Records for this task START

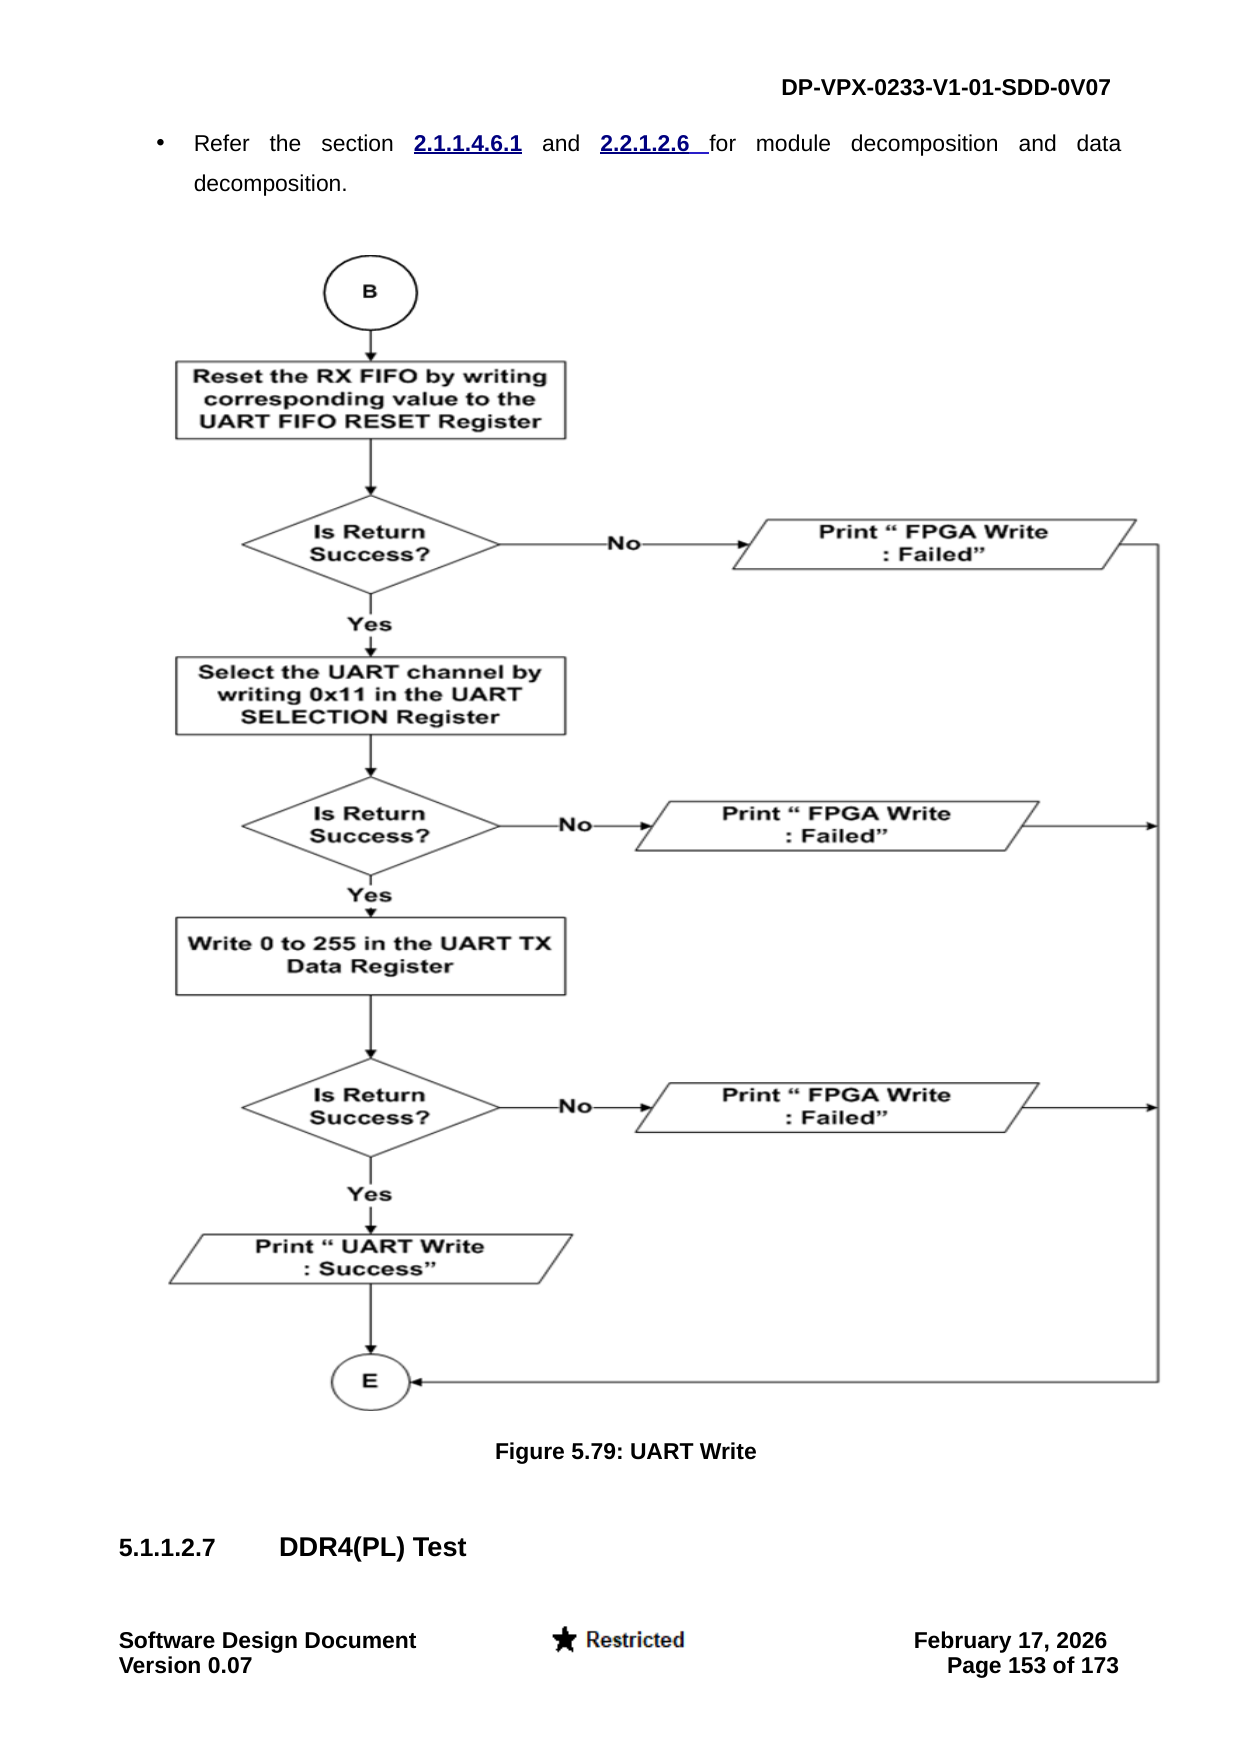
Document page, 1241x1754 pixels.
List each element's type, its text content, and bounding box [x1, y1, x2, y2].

text Figure 5.79: UART Write [118, 1411, 1122, 1464]
picture [542, 1617, 698, 1662]
list Refer the section 2.1.1.4.6.1 and 2.2.1.2.6 for module decomposition and data decomposition. [156, 129, 1122, 196]
subtitle DDR4(PL) Test [118, 1531, 1122, 1562]
picture [167, 255, 1171, 1411]

Records for this task END

Task
Although the records hold pictures, return only what remains, word for word.

Response below
Document page, 1241x1754 pixels.
List each element's type, its text content, and bounding box [x1, y1, x2, y2].

text Figure 5.79: UART Write [118, 1411, 1122, 1464]
picture [542, 1617, 698, 1662]
list Refer the section 2.1.1.4.6.1 and 2.2.1.2.6 for module decomposition and data decomposition. [156, 129, 1122, 196]
subtitle DDR4(PL) Test [118, 1531, 1122, 1562]
picture [167, 255, 1171, 1411]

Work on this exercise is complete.